About this task: Repeat the lines below exactly as written, please, from the line with "3) toy car (193,316,308,353)" to the line with "9) giraffe plush (165,253,234,321)", both lines included, and no others.

Material supplied:
-- Opening Marker --
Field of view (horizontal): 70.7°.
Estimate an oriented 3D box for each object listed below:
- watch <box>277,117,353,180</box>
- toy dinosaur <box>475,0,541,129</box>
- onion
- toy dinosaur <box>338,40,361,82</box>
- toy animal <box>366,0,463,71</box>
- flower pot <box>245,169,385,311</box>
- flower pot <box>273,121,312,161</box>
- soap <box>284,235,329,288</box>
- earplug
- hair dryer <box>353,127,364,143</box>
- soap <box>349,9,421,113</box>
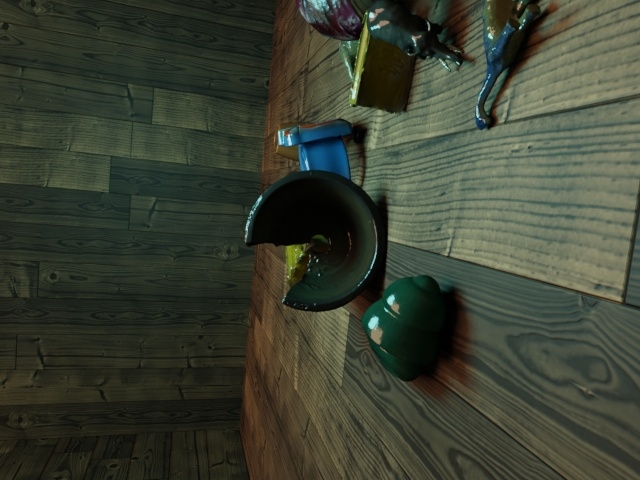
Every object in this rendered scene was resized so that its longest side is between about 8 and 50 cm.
[{"bbox_3d":[-0.003,-0.250,1.479,0.305,0.242,0.274,-118,17,-78],"label":"watch"},{"bbox_3d":[0.290,-0.344,0.776,0.188,0.075,0.247,112,151,-64],"label":"toy dinosaur"},{"bbox_3d":[0.048,-0.692,1.189,0.260,0.282,0.336,3,89,45],"label":"onion"},{"bbox_3d":[0.104,-0.612,1.392,0.162,0.077,0.294,-131,39,-57],"label":"toy dinosaur"},{"bbox_3d":[0.207,-0.432,0.960,0.269,0.137,0.082,40,122,19],"label":"toy animal"},{"bbox_3d":[0.000,0.000,1.303,0.251,0.380,0.379,36,-123,-84],"label":"flower pot"},{"bbox_3d":[-0.108,-0.423,1.934,0.191,0.173,0.190,-178,90,-75],"label":"flower pot"},{"bbox_3d":[-0.049,-0.036,1.650,0.304,0.169,0.338,115,152,-50],"label":"soap"},{"bbox_3d":[0.174,0.181,0.953,0.280,0.164,0.257,-65,-12,25],"label":"earplug"},{"bbox_3d":[0.114,-0.339,1.426,0.083,0.026,0.047,-111,30,-62],"label":"hair dryer"},{"bbox_3d":[0.159,-0.436,1.108,0.076,0.135,0.233,-124,42,-65],"label":"soap"}]
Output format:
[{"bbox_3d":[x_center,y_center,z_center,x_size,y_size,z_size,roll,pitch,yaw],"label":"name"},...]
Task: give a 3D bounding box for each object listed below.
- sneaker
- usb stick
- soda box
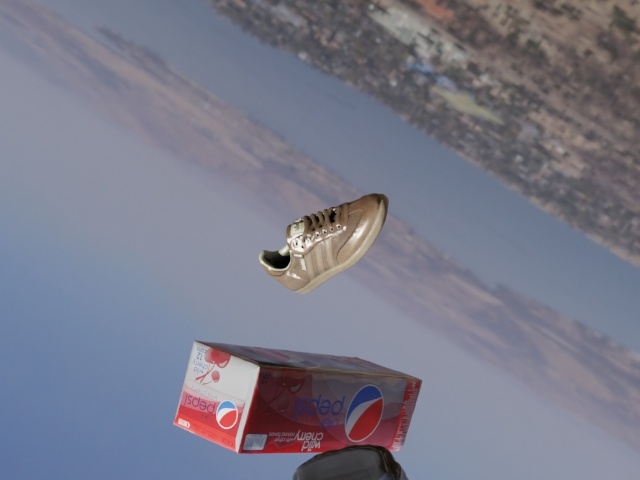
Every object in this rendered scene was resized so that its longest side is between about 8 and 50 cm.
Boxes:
[{"bbox_3d":[0.000,0.000,1.234,0.071,0.188,0.066,28,-136,-22],"label":"sneaker"},{"bbox_3d":[0.044,0.218,0.811,0.278,0.077,0.045,66,-169,-56],"label":"usb stick"},{"bbox_3d":[-0.015,0.157,1.073,0.092,0.083,0.263,14,180,40],"label":"soda box"}]
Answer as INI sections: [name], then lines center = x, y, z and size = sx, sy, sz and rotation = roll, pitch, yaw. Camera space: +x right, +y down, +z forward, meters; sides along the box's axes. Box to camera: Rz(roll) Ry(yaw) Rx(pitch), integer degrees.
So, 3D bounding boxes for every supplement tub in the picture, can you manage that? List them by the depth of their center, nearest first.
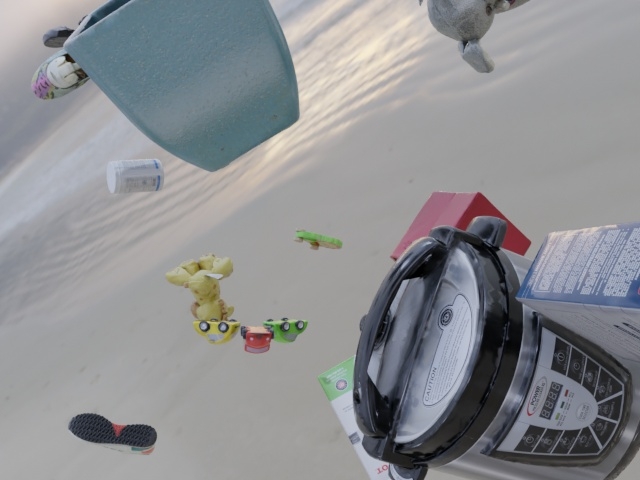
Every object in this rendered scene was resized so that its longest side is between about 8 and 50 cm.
[supplement tub]
center = -0.391, -0.136, 1.703
size = 0.107, 0.071, 0.071
rotation = -5, -1, -29

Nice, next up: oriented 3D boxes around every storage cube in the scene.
[storage cube]
center = 0.309, 0.022, 1.779
size = 0.193, 0.215, 0.184
rotation = -56, 22, -12

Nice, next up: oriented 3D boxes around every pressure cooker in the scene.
[pressure cooker]
center = 0.251, 0.197, 1.264
size = 0.375, 0.420, 0.370
rotation = -51, 27, 39

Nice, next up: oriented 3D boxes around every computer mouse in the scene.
[computer mouse]
center = -0.610, -0.521, 1.968
size = 0.242, 0.041, 0.071
rotation = -8, -2, 44

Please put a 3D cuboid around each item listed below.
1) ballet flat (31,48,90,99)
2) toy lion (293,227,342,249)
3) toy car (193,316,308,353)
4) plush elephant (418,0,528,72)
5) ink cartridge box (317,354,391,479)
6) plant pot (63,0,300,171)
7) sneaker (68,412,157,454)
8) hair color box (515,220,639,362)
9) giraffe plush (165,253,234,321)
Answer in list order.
[ballet flat]
center = -0.448, -0.336, 1.520
size = 0.221, 0.077, 0.079
rotation = -29, 19, -7
[toy lion]
center = 0.000, 0.000, 1.928
size = 0.096, 0.100, 0.034
rotation = 2, 74, 40
[toy car]
center = -0.120, 0.194, 1.673
size = 0.225, 0.053, 0.239
rotation = 0, 2, -42
[plush elephant]
center = 0.267, -0.447, 1.349
size = 0.330, 0.272, 0.255
rotation = -28, 40, 35
[ink cartridge box]
center = 0.151, 0.372, 1.787
size = 0.198, 0.273, 0.115
rotation = -32, -11, 17
[plant pot]
center = -0.155, -0.246, 1.096
size = 0.247, 0.252, 0.248
rotation = -31, 25, 6
[sneaker]
center = -0.379, 0.363, 1.465
size = 0.075, 0.161, 0.057
rotation = 104, 175, -48
[hair color box]
center = 0.365, 0.065, 0.868
size = 0.105, 0.174, 0.347
rotation = -62, 6, -5
[giraffe plush]
center = -0.306, 0.152, 2.198
size = 0.181, 0.170, 0.210
rotation = -20, 23, -23
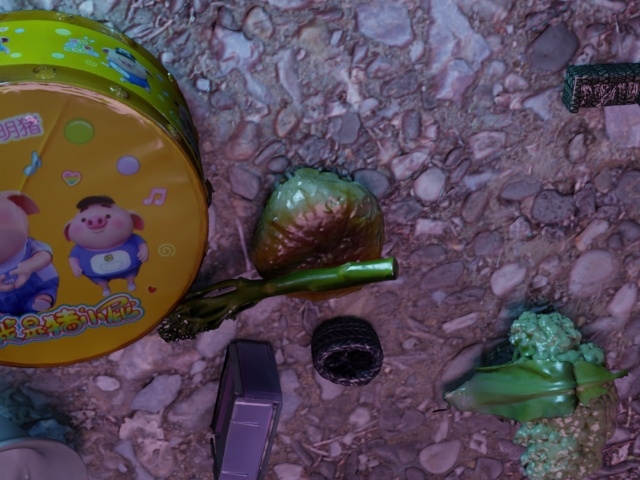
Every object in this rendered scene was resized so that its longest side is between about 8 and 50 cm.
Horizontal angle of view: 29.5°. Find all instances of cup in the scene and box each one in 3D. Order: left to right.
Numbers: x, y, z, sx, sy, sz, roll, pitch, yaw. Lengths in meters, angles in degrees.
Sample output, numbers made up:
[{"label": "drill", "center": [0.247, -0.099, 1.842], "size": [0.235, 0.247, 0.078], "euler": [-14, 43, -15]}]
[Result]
[{"label": "cup", "center": [-0.528, 0.383, 1.769], "size": [0.347, 0.163, 0.347], "euler": [-32, 143, -29]}]

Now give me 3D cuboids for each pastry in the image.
[{"label": "pastry", "center": [0.000, 0.000, 1.696], "size": [0.182, 0.093, 0.192], "euler": [13, 120, -20]}]

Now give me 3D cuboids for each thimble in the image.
[{"label": "thimble", "center": [0.040, 0.168, 1.829], "size": [0.104, 0.066, 0.095], "euler": [27, 117, -24]}]

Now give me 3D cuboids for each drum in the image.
[{"label": "drum", "center": [-0.348, -0.062, 1.523], "size": [0.431, 0.214, 0.431], "euler": [-5, 123, -8]}]

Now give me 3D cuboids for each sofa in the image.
[{"label": "sofa", "center": [0.394, -0.209, 1.662], "size": [0.118, 0.039, 0.060], "euler": [-3, 124, -8]}]

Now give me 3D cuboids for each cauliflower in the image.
[{"label": "cauliflower", "center": [0.323, 0.237, 1.873], "size": [0.315, 0.239, 0.256], "euler": [-5, 116, 34]}]

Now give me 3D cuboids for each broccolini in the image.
[{"label": "broccolini", "center": [-0.060, 0.081, 1.665], "size": [0.392, 0.074, 0.078], "euler": [-10, 89, 29]}]

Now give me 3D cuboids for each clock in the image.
[{"label": "clock", "center": [-0.114, 0.266, 1.816], "size": [0.073, 0.144, 0.193], "euler": [6, 122, -14]}]
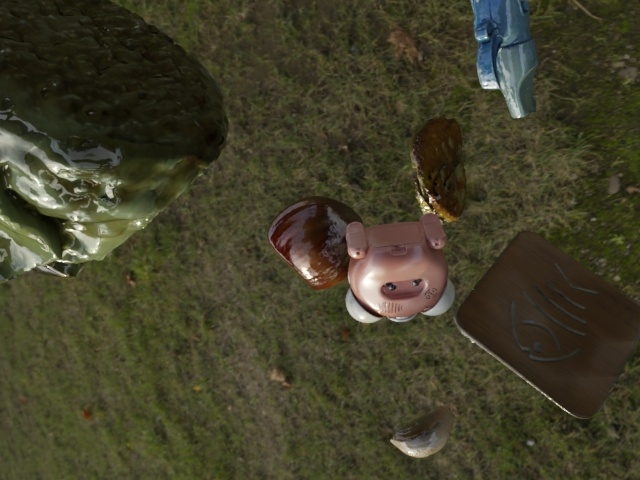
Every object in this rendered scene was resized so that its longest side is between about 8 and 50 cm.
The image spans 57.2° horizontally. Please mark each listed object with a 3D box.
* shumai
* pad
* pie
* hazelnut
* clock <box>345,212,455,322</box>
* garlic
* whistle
[{"bbox_3d":[-0.333,-0.108,0.737,0.395,0.395,0.348,48,131,24],"label":"shumai"},{"bbox_3d":[0.425,0.140,1.074,0.287,0.284,0.018,37,151,16],"label":"pad"},{"bbox_3d":[0.319,-0.180,1.581,0.086,0.308,0.308,-3,101,33],"label":"pie"},{"bbox_3d":[0.001,-0.002,1.287,0.212,0.181,0.181,47,174,-19],"label":"hazelnut"},{"bbox_3d":[0.115,0.054,0.865,0.166,0.092,0.162,-8,123,3],"label":"clock"},{"bbox_3d":[0.301,0.542,1.647,0.101,0.196,0.087,47,167,55],"label":"garlic"},{"bbox_3d":[0.297,-0.329,0.947,0.093,0.180,0.269,-3,112,39],"label":"whistle"}]
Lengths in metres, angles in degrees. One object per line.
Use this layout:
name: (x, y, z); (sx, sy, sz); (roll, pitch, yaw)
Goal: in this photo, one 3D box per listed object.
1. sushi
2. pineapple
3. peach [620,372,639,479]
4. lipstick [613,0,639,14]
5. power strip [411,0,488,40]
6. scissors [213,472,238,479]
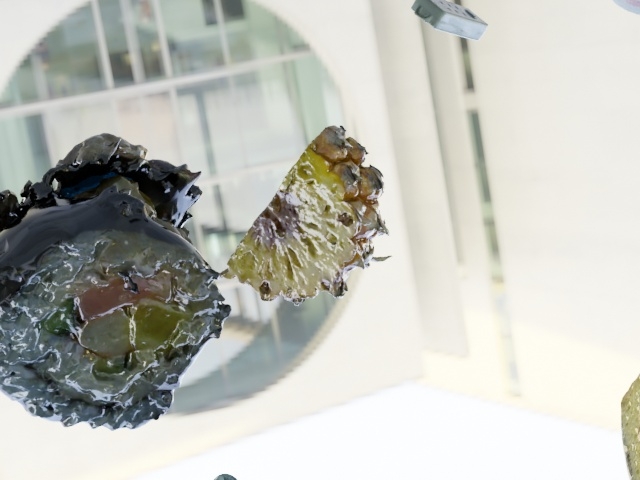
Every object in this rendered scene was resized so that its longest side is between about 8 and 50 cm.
-- Closing Marker --
Solution to this problem:
3) toy car (193,316,308,353)
4) plush elephant (418,0,528,72)
5) ink cartridge box (317,354,391,479)
6) plant pot (63,0,300,171)
7) sneaker (68,412,157,454)
8) hair color box (515,220,639,362)
9) giraffe plush (165,253,234,321)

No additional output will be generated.